When she posted a picture of kale and eggs to Facebook, people asked her how she made it.
From there, the brainstorm: Baldy launched her own YouTube channel -- Cooking Healthy in Indian Country -- to show people how to cook easy, nutritious meals for their families.
People who might have been suspicious of kale and beets can learn how to make a stir-fry of local Trinity River salmon, trumpet mushrooms and a side of kale or beet pancakes, complete with a strawberry and honey sauce.
“When I developed the show, it was mainly to say that our local vegetables are not hard to use,” Baldy said. “I like to take comfort food and add these vegetables.”
On YouTube and Facebook, she’s taught viewers how to make creamy kale and artichoke dip, black bean salsa, chard tacos and kabocha muffins. She also featured a venison stir-fry.
Baldy cooks with traditional Hupa foods – deer, salmon, berries and mushrooms – to encourage the American Indian community to integrate them back into their diets.
“I really emphasize native and traditional foods because why do we have high diabetes and high heart disease rates?” she said. “As native people, we sustained on a traditional diet for thousands of years. Acorns are high in fiber, which we now lack. Berries and roots are high in antioxidants, iron – stuff we desperately need that we aren’t getting.”
Humboldt County as a whole has some of the worst health outcomes of any of California's 58 counties. For Native Americans, the statistics are even worse. According to Humboldt County’s 2013 Community Health Assessment, the diabetes death rate for Native Americans is nearly triple that of whites in Humboldt County.

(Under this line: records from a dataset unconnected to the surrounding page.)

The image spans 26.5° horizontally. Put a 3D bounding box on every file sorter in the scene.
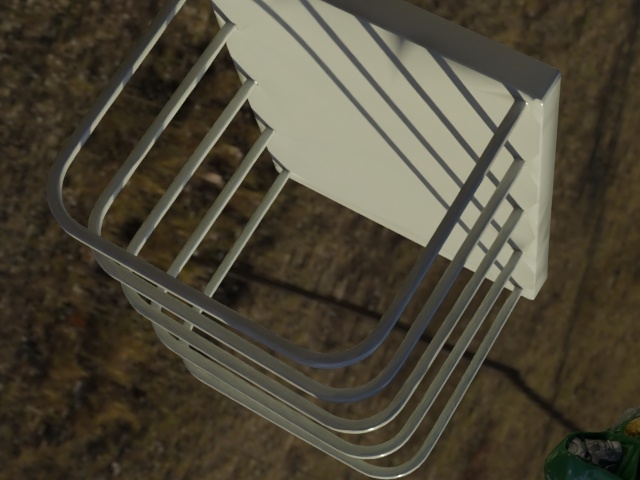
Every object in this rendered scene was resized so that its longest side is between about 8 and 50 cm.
[{"bbox_3d":[0.000,0.000,0.735,0.173,0.193,0.277,-58,162,-14],"label":"file sorter"}]

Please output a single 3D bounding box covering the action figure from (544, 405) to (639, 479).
[{"bbox_3d":[0.210,0.095,0.591,0.137,0.232,0.063,-108,-163,-58],"label":"action figure"}]
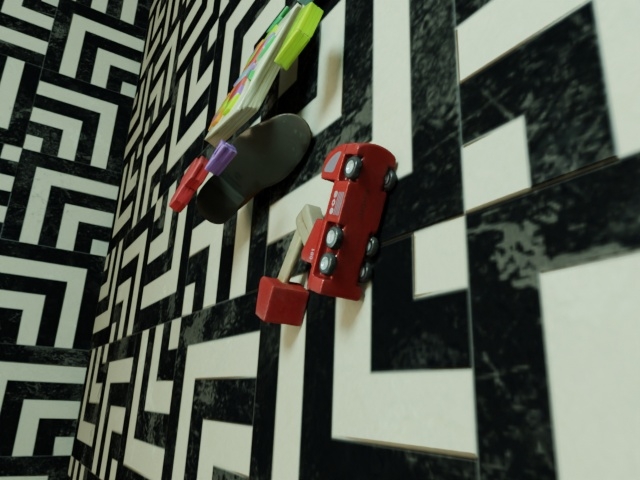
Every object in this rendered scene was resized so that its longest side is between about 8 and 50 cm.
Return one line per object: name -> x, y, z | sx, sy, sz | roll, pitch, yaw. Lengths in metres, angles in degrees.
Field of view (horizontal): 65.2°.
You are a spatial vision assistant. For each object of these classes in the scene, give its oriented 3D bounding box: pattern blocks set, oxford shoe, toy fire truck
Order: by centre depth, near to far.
toy fire truck -> 0.000, 0.000, 0.493 | 0.135, 0.047, 0.192 | 16, 92, 61
pattern blocks set -> -0.088, -0.207, 0.645 | 0.285, 0.026, 0.325 | -28, 37, 50
oxford shoe -> -0.084, -0.103, 0.659 | 0.212, 0.076, 0.076 | -32, 11, 37
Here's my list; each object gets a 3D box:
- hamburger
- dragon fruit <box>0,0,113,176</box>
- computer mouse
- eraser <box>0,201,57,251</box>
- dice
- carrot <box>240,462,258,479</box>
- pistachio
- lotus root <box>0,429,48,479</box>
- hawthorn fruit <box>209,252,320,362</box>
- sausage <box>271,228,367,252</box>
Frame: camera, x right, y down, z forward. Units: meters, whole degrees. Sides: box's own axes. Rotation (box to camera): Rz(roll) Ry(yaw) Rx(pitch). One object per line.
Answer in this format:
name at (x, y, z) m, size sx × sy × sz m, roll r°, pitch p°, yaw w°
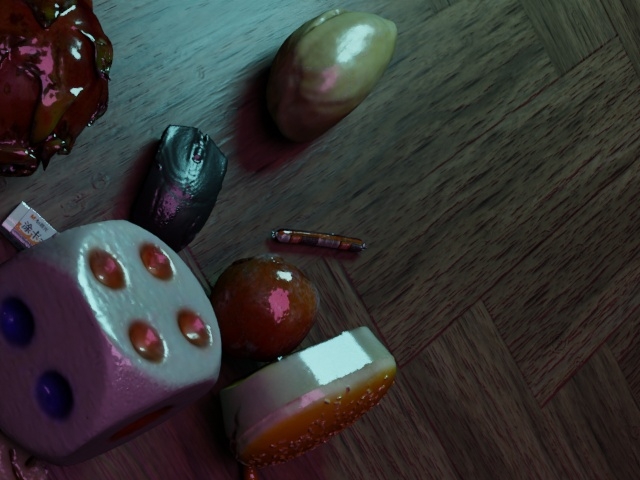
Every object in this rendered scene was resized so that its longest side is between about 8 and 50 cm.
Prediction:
hamburger at (-0.014, 0.240, 1.745) m, size 0.295 × 0.227 × 0.151 m, roll -16°, pitch 77°, yaw -35°
dragon fruit at (-0.406, -0.237, 1.571) m, size 0.250 × 0.250 × 0.315 m, roll -10°, pitch 70°, yaw -37°
computer mouse at (-0.219, -0.079, 1.763) m, size 0.122 × 0.073 × 0.217 m, roll 32°, pitch 61°, yaw -26°
eraser at (-0.402, 0.004, 1.635) m, size 0.122 × 0.029 × 0.052 m, roll 47°, pitch 56°, yaw -19°
dice at (-0.293, 0.133, 1.494) m, size 0.251 × 0.243 × 0.259 m, roll 59°, pitch 27°, yaw 10°
carrot at (-0.100, 0.413, 1.759) m, size 0.037 × 0.037 × 0.190 m, roll -8°, pitch 83°, yaw -37°
pistachio at (0.014, -0.285, 1.931) m, size 0.293 × 0.162 × 0.182 m, roll -52°, pitch 136°, yaw -33°
lotus root at (-0.433, 0.351, 1.474) m, size 0.138 × 0.119 × 0.235 m, roll -11°, pitch 87°, yaw -43°
hawthorn fruit at (-0.091, 0.108, 1.756) m, size 0.172 × 0.173 × 0.173 m, roll 9°, pitch 74°, yaw -35°
sausage at (0.000, 0.000, 1.936) m, size 0.198 × 0.025 × 0.028 m, roll 6°, pitch 104°, yaw -35°
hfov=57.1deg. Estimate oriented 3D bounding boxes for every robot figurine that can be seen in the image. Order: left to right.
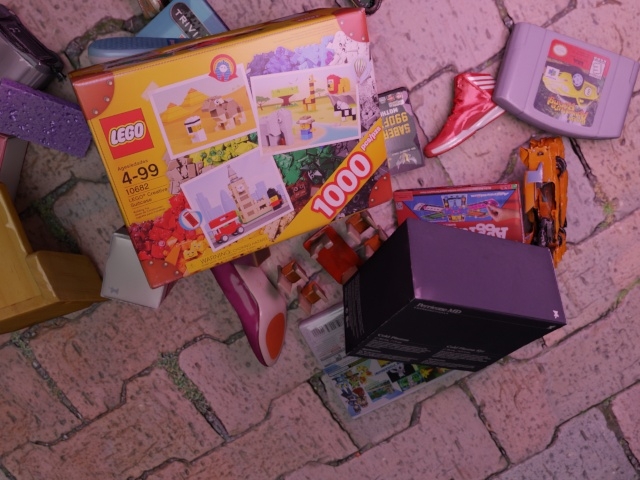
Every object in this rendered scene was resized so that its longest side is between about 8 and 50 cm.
[{"bbox_3d":[0.498,-0.076,1.305,0.085,0.211,0.290,4,108,33],"label":"robot figurine"}]

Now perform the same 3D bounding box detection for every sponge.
[{"bbox_3d":[-0.597,-0.261,1.274,0.210,0.031,0.117,17,124,-38],"label":"sponge"}]

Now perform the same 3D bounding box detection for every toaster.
[{"bbox_3d":[-0.668,-0.382,1.259,0.146,0.129,0.227,-41,106,16],"label":"toaster"}]

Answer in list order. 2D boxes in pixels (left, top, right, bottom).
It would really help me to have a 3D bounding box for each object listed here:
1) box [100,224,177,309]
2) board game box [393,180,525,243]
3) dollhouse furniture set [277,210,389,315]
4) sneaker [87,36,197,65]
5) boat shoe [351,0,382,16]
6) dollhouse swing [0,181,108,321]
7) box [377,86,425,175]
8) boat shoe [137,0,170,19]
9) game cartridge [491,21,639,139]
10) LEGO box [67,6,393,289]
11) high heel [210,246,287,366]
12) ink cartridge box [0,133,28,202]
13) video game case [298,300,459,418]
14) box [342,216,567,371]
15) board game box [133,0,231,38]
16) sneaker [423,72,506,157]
[{"bbox_3d":[-0.380,0.034,1.318,0.127,0.232,0.148,15,106,-4],"label":"box"},{"bbox_3d":[0.307,-0.051,1.321,0.281,0.027,0.145,-2,109,31],"label":"board game box"},{"bbox_3d":[0.000,0.000,1.378,0.262,0.135,0.259,-38,114,11],"label":"dollhouse furniture set"},{"bbox_3d":[-0.297,-0.300,1.206,0.319,0.127,0.208,0,122,-9],"label":"sneaker"},{"bbox_3d":[0.064,-0.579,1.214,0.081,0.068,0.227,-26,104,8],"label":"boat shoe"},{"bbox_3d":[-0.745,0.046,1.346,0.347,0.315,0.304,-19,83,6],"label":"dollhouse swing"},{"bbox_3d":[0.102,-0.225,1.325,0.231,0.056,0.183,-15,105,6],"label":"box"},{"bbox_3d":[-0.394,-0.560,1.234,0.072,0.068,0.190,-19,105,19],"label":"boat shoe"},{"bbox_3d":[0.525,-0.327,1.257,0.294,0.060,0.196,16,93,-7],"label":"game cartridge"},{"bbox_3d":[-0.146,-0.187,1.095,0.500,0.193,0.372,-22,117,-17],"label":"LEGO box"},{"bbox_3d":[-0.192,0.133,1.435,0.181,0.127,0.377,8,114,30],"label":"high heel"},{"bbox_3d":[-0.836,-0.194,1.319,0.283,0.117,0.207,21,106,-6],"label":"ink cartridge box"},{"bbox_3d":[0.157,0.263,1.480,0.329,0.036,0.300,-27,104,8],"label":"video game case"},{"bbox_3d":[0.265,0.131,1.240,0.343,0.178,0.312,11,148,-19],"label":"box"},{"bbox_3d":[-0.315,-0.338,1.288,0.336,0.079,0.253,-38,102,11],"label":"board game box"},{"bbox_3d":[0.299,-0.286,1.302,0.221,0.087,0.128,-35,95,-2],"label":"sneaker"}]

The diabetes prevalence rate in Hoopa is at 9.9 percent, according to the K'ima:w Diabetes Programin Hoopa. The program’s coordinator, Dr. Terry Raymer, said that number only accounts for the known cases.
“The high prevalence is due to a combination of loss of traditional culture and loss of traditional foods,” Dr. Raymer said. “There’s certainly some pretty good evidence that the chronic long-term effects of historical trauma has some impact on the prevalence of diabetes. It’s really quite complicated. It’s not just that people don’t exercise.”
Baldy’s show addresses the many causative factors and the complexity of diabetes in Hupa. In the videos, she explains the nutritional value of foods, naming their different vitamins and benefits. A collaboration of local health organizations help support the cooking show.
Baldy also emphasizes supporting the community. She often gives shout-outs to local farmers and artisans, showing off their handmade aprons and hats. One local elementary school teacher plays “Cooking Healthy in Indian Country” in her class.
“I definitely think nutrition needs to be more of an issue here,” said Amy Davis, who teaches sixth grade at Hoopa Valley Elementary, adding that Baldy helps shed light on issue in an interesting way to children.
At first the audience was local, but through social media shares and buzz in the American Indian community, Baldy has viewers nationwide. United Indian Health Services promoted her, and Good Health TV, a national American Indian and Alaska Native education network that promotes health literacy through programming, is about to pick up her shows.
But it's the comments on videos and compliments on the street that make her day, she says.
What’s on the menu next? A strawberry and kale salad and a strawberry spread with chia seeds.